Give the number of lines in the data that hold the string "track". Nothing else is needed.

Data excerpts
-*-*-

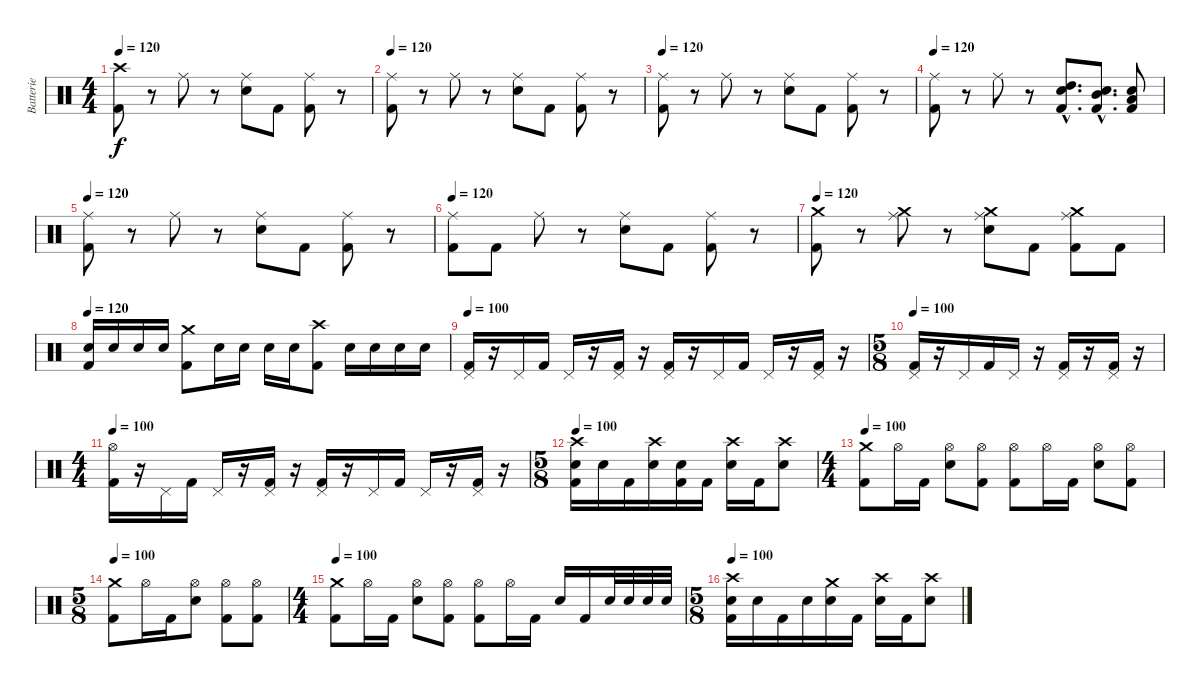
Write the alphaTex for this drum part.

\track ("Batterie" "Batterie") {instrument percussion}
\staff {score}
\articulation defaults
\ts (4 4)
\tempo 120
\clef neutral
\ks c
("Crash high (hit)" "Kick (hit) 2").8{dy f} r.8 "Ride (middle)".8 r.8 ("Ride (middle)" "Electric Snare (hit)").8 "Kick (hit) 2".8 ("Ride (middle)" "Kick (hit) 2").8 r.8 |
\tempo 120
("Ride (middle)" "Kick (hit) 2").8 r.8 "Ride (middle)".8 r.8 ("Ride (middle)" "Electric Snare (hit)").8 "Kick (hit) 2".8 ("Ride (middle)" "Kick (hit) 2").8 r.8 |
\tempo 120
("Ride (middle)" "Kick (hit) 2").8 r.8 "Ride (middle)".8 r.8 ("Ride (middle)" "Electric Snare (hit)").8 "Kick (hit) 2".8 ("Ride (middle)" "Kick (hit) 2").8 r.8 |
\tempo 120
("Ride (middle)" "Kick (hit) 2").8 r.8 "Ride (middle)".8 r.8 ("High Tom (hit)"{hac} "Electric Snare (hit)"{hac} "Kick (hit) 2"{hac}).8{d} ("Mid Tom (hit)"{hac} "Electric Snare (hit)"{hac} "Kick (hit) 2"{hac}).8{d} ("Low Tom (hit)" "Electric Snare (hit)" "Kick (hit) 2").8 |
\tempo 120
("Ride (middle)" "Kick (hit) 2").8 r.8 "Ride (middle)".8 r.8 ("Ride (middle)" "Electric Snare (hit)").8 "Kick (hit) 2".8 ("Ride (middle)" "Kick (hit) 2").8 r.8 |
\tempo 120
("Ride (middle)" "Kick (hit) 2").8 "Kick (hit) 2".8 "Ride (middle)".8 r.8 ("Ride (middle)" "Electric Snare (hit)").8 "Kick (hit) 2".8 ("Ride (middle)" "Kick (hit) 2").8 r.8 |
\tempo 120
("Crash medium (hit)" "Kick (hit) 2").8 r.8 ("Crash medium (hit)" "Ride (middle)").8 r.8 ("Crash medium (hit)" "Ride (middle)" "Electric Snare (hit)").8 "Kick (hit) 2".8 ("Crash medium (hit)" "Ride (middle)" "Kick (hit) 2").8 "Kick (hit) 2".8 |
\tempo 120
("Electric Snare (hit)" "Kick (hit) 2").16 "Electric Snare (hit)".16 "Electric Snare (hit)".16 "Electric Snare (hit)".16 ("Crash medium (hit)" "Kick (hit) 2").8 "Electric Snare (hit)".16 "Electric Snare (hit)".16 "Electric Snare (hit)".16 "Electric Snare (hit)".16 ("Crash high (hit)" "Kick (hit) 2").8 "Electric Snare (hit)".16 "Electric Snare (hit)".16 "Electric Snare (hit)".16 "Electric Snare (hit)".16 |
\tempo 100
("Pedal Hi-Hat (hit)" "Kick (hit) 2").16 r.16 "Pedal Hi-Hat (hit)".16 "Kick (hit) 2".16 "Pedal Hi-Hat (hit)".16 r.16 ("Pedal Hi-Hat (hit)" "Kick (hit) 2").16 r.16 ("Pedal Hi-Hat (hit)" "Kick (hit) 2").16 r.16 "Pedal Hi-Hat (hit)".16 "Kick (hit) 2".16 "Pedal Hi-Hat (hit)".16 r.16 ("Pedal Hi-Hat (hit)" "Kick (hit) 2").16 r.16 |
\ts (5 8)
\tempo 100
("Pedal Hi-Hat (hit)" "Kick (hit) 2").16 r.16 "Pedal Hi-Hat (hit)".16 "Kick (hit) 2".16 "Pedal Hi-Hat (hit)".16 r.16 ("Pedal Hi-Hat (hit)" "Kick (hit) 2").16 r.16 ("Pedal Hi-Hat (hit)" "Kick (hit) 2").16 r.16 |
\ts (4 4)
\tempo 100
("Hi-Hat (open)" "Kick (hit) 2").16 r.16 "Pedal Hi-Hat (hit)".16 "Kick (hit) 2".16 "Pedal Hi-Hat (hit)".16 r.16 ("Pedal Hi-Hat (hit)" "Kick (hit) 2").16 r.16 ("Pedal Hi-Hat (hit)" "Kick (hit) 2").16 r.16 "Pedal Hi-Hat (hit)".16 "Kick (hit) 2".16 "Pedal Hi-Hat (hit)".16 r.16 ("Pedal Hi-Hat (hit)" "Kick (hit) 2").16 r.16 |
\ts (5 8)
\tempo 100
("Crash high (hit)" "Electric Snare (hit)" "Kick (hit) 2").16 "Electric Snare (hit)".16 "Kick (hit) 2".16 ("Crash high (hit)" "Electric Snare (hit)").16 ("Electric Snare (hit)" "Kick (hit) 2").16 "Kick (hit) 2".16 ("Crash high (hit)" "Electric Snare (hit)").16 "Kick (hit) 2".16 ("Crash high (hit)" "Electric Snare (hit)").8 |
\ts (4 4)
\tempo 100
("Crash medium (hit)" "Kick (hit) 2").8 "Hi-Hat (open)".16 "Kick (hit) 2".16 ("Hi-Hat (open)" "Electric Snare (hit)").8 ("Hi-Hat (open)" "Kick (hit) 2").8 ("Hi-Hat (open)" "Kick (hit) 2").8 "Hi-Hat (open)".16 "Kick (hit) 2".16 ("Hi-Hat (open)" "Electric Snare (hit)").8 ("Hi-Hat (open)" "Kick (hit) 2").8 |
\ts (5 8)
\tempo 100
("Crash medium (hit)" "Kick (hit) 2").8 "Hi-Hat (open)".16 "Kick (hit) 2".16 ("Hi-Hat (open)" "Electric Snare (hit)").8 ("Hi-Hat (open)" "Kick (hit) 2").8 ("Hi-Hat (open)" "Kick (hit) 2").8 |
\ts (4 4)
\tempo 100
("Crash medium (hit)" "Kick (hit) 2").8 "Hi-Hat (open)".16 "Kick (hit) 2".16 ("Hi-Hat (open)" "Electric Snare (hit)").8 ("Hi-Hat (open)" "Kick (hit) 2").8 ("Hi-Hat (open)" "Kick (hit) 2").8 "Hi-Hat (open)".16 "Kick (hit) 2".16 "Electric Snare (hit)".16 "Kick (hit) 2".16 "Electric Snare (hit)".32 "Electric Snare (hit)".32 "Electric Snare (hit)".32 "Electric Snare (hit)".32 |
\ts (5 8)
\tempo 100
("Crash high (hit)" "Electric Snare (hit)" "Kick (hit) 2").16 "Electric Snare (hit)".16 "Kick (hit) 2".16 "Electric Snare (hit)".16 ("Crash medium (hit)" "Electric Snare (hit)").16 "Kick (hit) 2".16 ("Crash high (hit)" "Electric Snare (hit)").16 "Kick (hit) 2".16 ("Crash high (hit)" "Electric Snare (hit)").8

-*-*-

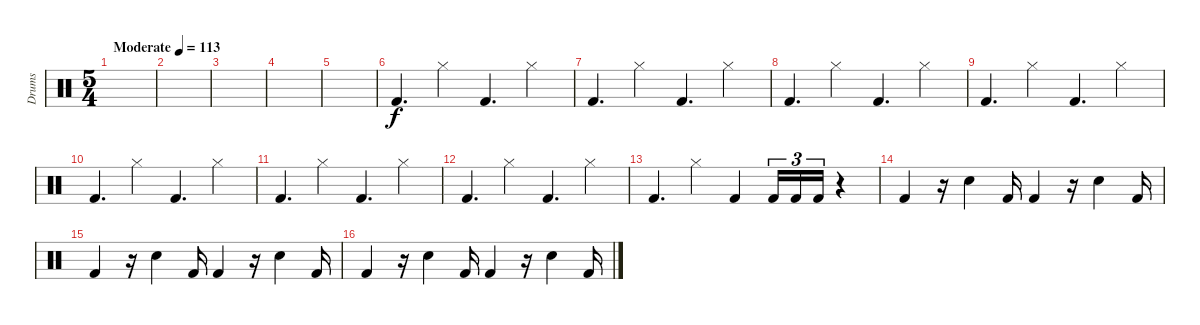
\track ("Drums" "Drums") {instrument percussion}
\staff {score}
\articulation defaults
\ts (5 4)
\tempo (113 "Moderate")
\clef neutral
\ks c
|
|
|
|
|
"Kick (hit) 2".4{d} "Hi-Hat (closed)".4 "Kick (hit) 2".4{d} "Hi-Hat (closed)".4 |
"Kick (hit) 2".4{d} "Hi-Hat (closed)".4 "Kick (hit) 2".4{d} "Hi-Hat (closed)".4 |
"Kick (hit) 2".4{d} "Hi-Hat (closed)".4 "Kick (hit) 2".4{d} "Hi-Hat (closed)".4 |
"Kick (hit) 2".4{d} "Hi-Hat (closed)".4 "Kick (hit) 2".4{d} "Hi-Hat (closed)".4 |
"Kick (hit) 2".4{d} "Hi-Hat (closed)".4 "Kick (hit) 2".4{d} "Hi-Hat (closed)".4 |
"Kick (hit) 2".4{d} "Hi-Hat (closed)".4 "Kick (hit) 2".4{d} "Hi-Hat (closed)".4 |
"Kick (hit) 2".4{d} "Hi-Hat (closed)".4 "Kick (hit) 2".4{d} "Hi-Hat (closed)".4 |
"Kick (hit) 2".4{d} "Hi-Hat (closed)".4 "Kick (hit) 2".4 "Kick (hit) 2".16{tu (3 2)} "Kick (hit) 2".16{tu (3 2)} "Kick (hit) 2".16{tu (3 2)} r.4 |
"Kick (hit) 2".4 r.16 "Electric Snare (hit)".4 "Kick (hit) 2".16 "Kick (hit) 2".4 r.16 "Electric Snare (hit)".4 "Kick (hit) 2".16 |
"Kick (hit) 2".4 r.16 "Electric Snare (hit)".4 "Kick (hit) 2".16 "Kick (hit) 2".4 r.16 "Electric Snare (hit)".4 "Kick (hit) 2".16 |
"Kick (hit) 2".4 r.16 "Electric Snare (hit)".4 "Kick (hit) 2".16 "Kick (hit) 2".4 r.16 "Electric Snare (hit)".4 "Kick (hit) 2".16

-*-*-

**ANSWER BOX:**
2